Hence, (3-2x) is a factor of f(x).

**Que-2: Use factor theorem to show that (x+2) and (2x-3) are factors of (2x²+x-6).**

**Sol: **f(x) = (2x²+x-6)

g(x1) = x+2 = 0

x = -2

f(-2) = 2(-2)² + (-2) – 6

= 2(4) – 2 – 6

= 8-8 = 0

f(x) = (2x²+x-6)

g(x2) = 2x-3 = 0

x = 3/2

= 2(3/2)² + (3/2) – 6

= 2(9/4) + (3/2) – 6

= (9/2) + (3/2) – 6

= (9+3-12)/6

= (12-12)/6

= 0.

Hence both g(x) is a factor of f(x).

**Que-3: (i) Find the value of a so that (x+6) is a factor of the polynomial (x³+5x²-4x+a)**

(ii) For what value of a is the polynomial (2x³+ax²+11x+a+3) exactly divisible by (2x-1)?

(ii) For what value of a is the polynomial (2x³+ax²+11x+a+3) exactly divisible by (2x-1)?

**Sol: **(i) f(x) = (x³+5x²-4x+a)

x+6 = 0

x = -6

f(-6) = (-6)³ + 5(-6)² – 4(-6) + a

= -216 + 5(36) + 24 + a

= -216+180+24+a

= -12+a

a = 12.

(ii) f(x) = 2x³+ax²+11x+a+3

2x-1 = 0

x = 1/2

f(1/2) = 2(1/2)³ + a(1/2)² + 11(1/2) + a + 3

= 2(1/8) + a/4 + 11/2 + a + 3

= (1/4) + (a/4) + (11/2) + a + 3

-(a/4) – a = (1/4) + (11/2) + 3

(-a-4a)/4 = (1+22+12)/4

-5a = 35

a = 35/-5

a = -7.

**Que-4: What must be subtracted from 16x³-8x²+4x+7 so that the resulting expression has 2x+1 as a factor?**

**Sol: **Let the number to be subtracted from the given polynomial be k

Let f(x) = 16x^{3} – 8x^{2} + 4x + 7 – k

It is given that (2x + 1) is a factor of f(x).

∴ f(-12) = 0

⇒ 16(-1/2)³ – 8(-1/2)² + 4(-1/2) + 7 – k = 0

⇒ -16×(1/8) – 8×(1/4) – 4×(1/2) + 7 – k = 0

⇒ –2 – 2 – 2 + 7 – k = 0

⇒ – 6 + 7 – K = 0

⇒ 1 – k = 0

⇒ k = 1

Thus, 1 should be subtracted from the given polynomial.

**Que-5: Using factor theorem, show that (x-3) is a factor of (x³-7x²+15x-9).

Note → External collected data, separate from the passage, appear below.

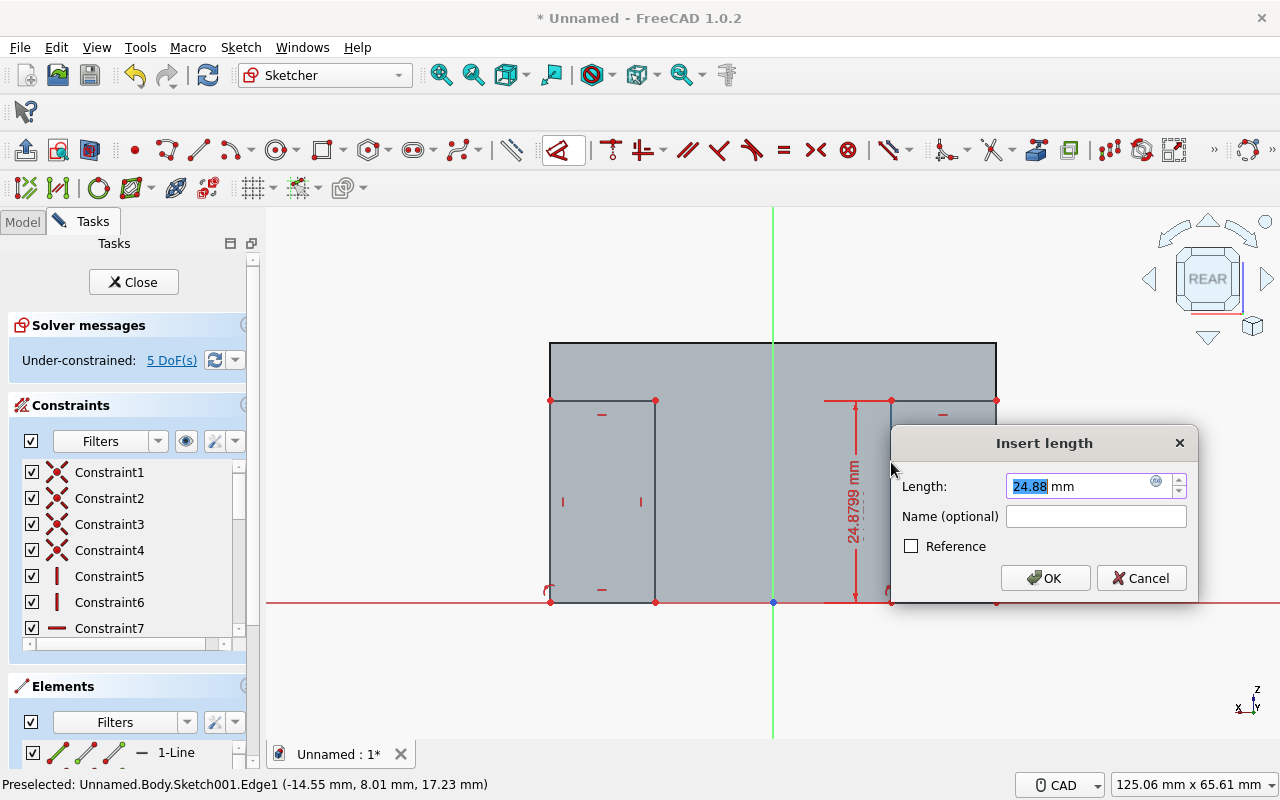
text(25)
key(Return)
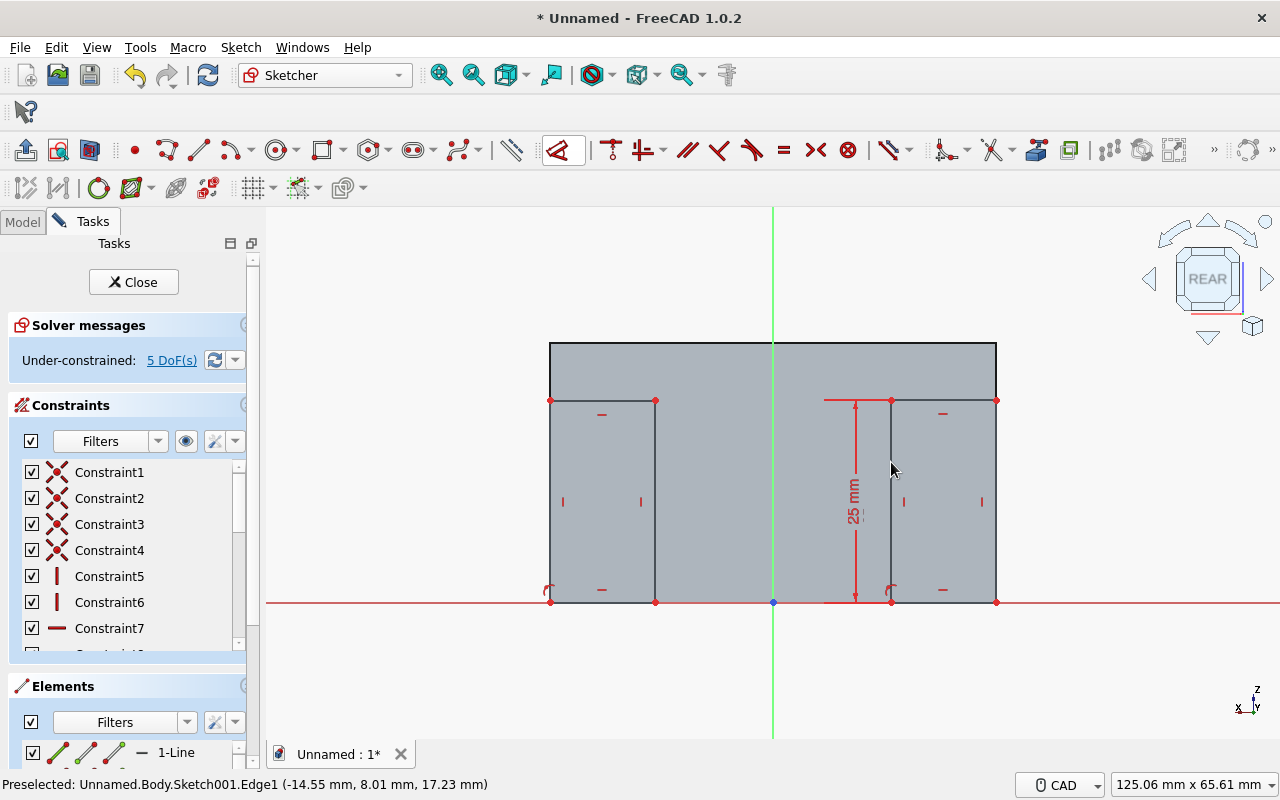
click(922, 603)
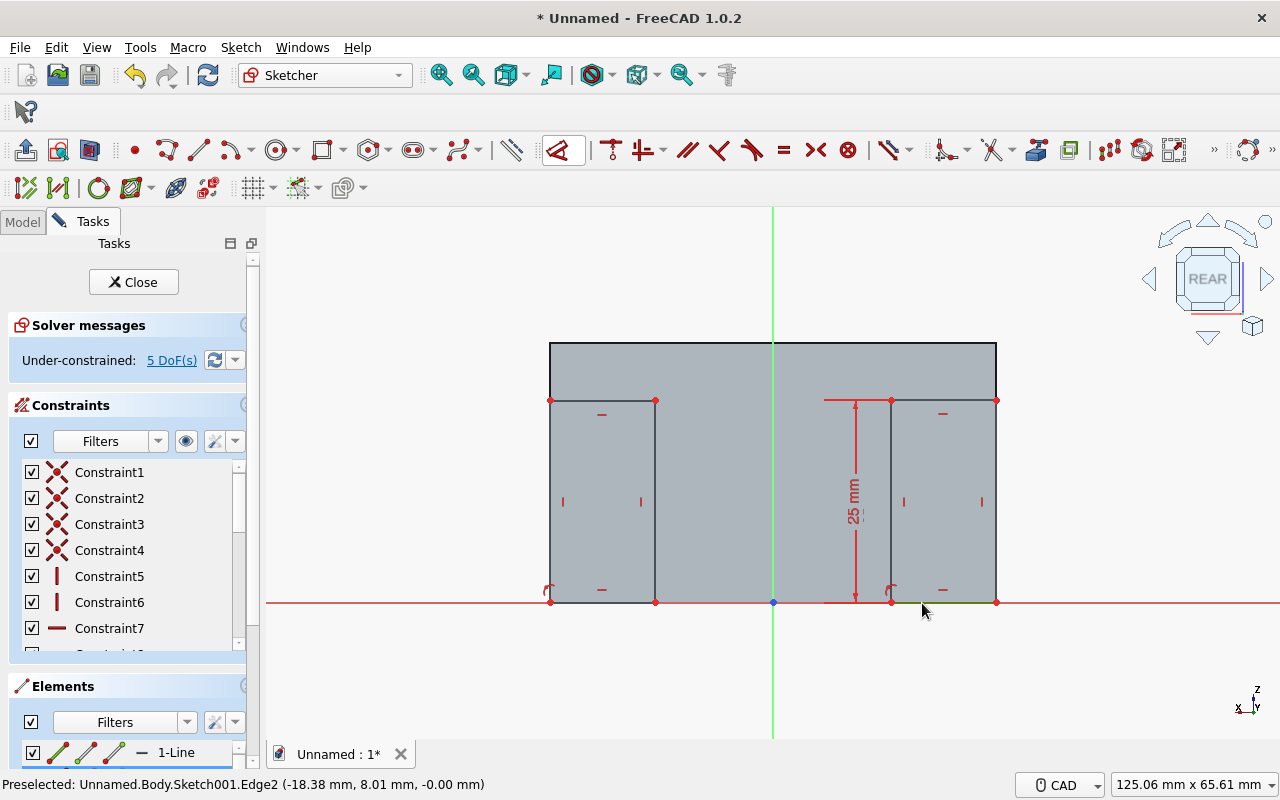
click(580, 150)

Hence factorise the given expression completely.**

**Sol: **Let p(x) = x^{3} – 7x^{2} + 15x – 9

For checking that (x – 3) is a factor of p(x), we find : p(3)

p(3) = (3)^{3} – 7(3)^{2} + 15(3) – 9

= 27 – 63 + 45 – 9

= 72 – 72

= 0.

Hence, (x – 3) is a factor of p(x).

By division of p(x) by x – 3, we get the quotient

= x^{2} – 4x + 3

∴ x^{3} – 7x^{2} +15x – 9

= (x – 3) (x^{2} – 4x + 3)

= (x – 3) (x – 3) (x – 1)

= (x – 3)^{2} (x – 1).

**Que-6: Using factor theorem, show that (x-4) is a factor of (2x³+x²-26x-40)and hence factorise (2x³+x²-26x-40).**

**Sol: **p(x) = 2x³+x²-26x-40

x-4 = 0

=> x = 4

Substituting 4 at place of x,

p(4) = 2(4)³+(4)²-26(4)-40 = 2(64)+16-104-40 = 128+16-104-40 = 0

The remainder is 0. Therefore, (x-4) is a factor of the polynomial.

2x³+x²-26x-40

= 2x³-8x²+9x²-36x+10x-40

= 2x²(x-4)+9x(x-4)+10(x-4)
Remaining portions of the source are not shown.